Increase in Medication Errors at the NHS

Medication errors have increased two-fold in recent years. Most of these incidents did not result in any substantial harm to patients. The top five medication errors that reported were: Administering the wrong dosage, Medicines being delayed or missed, Administration of the wrong drug, Administration of the wrong quantity, Mismatching, where the medicine of patient “A” was given to patient “B”.  In an organization as large as NHS, there is always potential for accidents and errors, but the management has to ensure that solid measures are implemented that minimize risks and make patient safety their primary concern.

Another aspect is that some errors are repeated due to carelessness and such incidents need to be investigated more closely so that NHS has a safe, solid and meticulous reporting culture. This will eventually ensure that mistakes do not occur or are corrected as soon as possible. The study carried out at NHS facilities that 41% of the more serious errors took place in the administration of the medication by the nursing staff while 32% errors occurred during the prescription stage. Most figures were derived from NHS hospital staff in hospital trusts, mental health trusts and primary care facilities. Out of these incidents, 37 resulted in the death of the patients and 63 occurred because of the wrong type of injections including injecting wrong quantity.
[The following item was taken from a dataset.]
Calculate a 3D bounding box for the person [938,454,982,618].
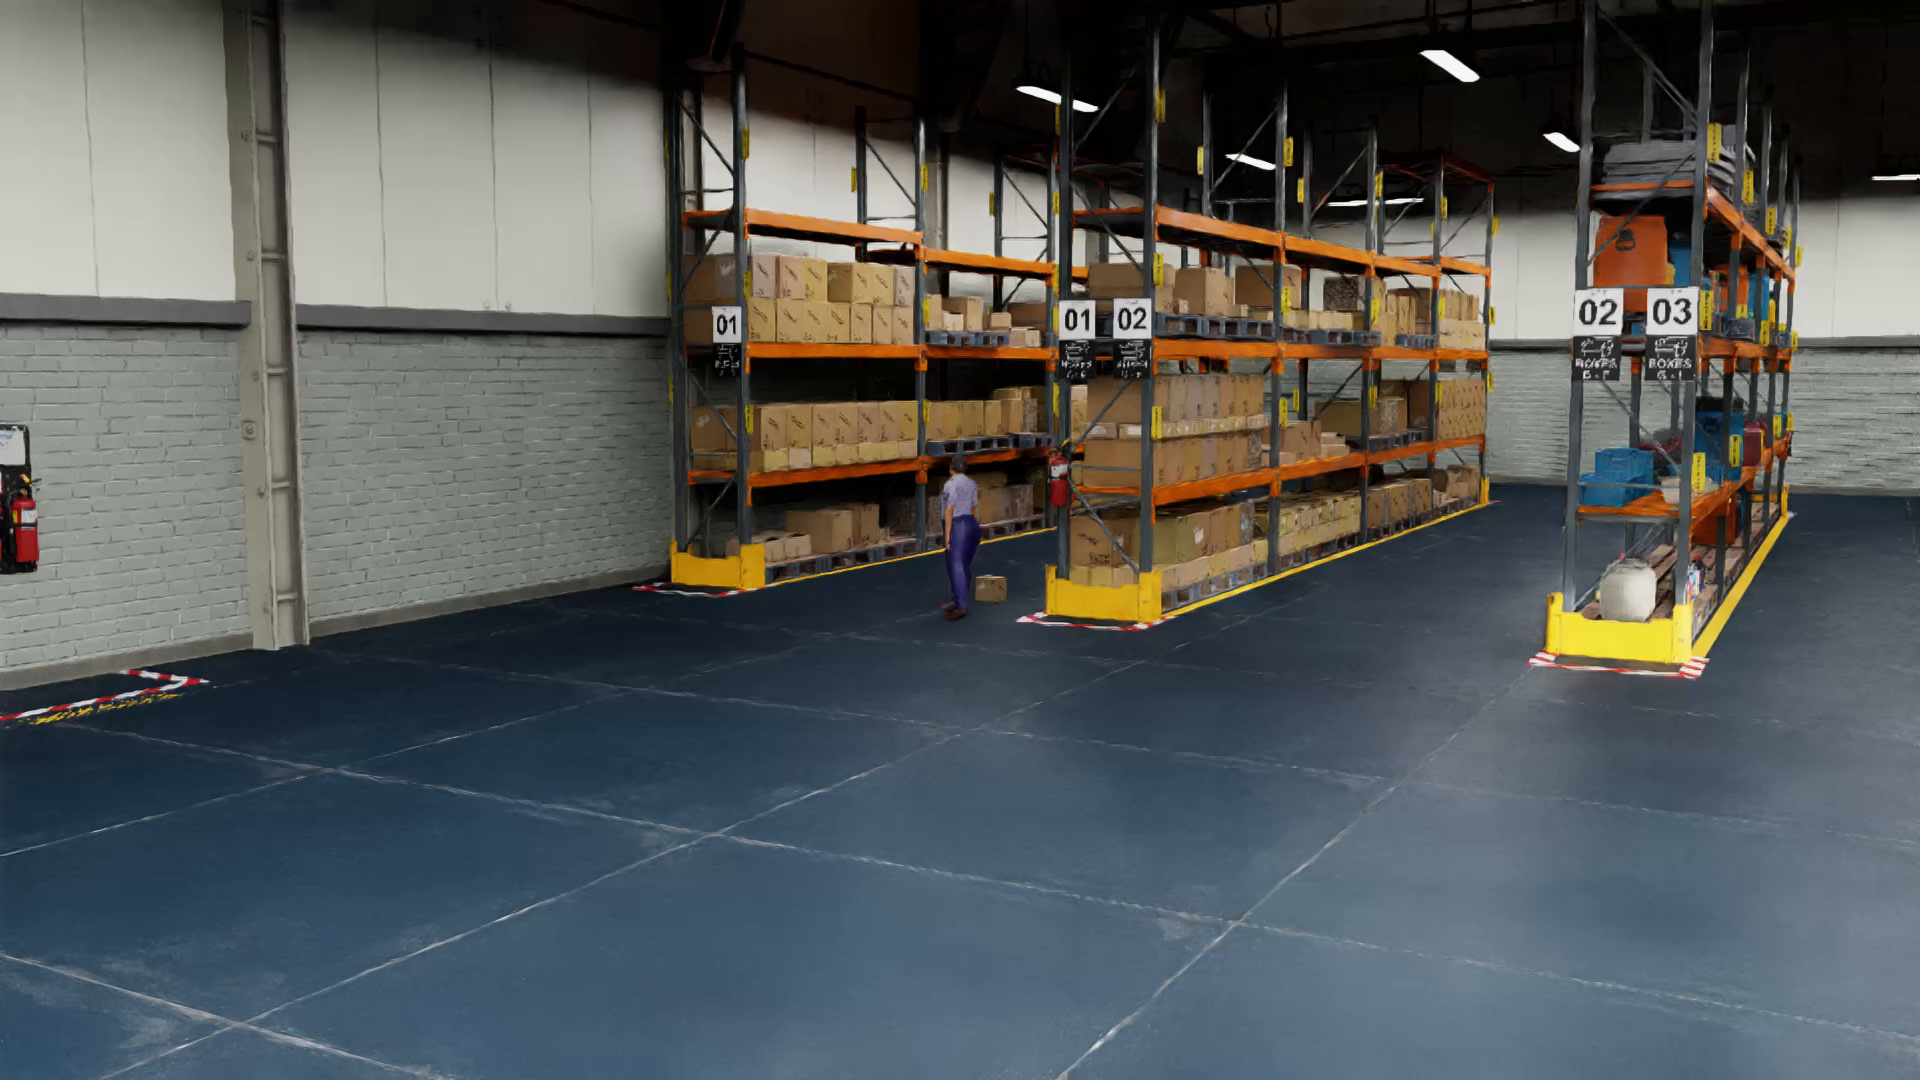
[{"bbox_3d":[-0.029,-0.045,16.935,0.573,1.650,0.590,4,7,35],"label":"person"}]

Around 98,000 patients die every year due to medication errors that could have easily been prevented. This is not the entire problem because thousands of patients suffer other forms of damage due to medical errors and barely survive mistakes made by their care providers. These medical mistakes cost around $ 29 billion annually besides causing physical and psychological pain, diminish trust in the healthcare system. Safety procedures are very important in nursing training and trainee nurses are taught the right way to administer medication which includes giving the right drug, the correct dose, correct route and the right time.

These are simple rules that do not adhere to the complexity of the nurse’s role today because they concentrate on individual instead of system factors. Human errors consist of the “human approach” which is responsible for most medication errors. The human approach envisages errors because of human weaknesses which include forgetfulness, inadequate motivation, negligence and lacking attention. Solutions for these errors include disciplinary action, the fear of lawsuits and blame and shame.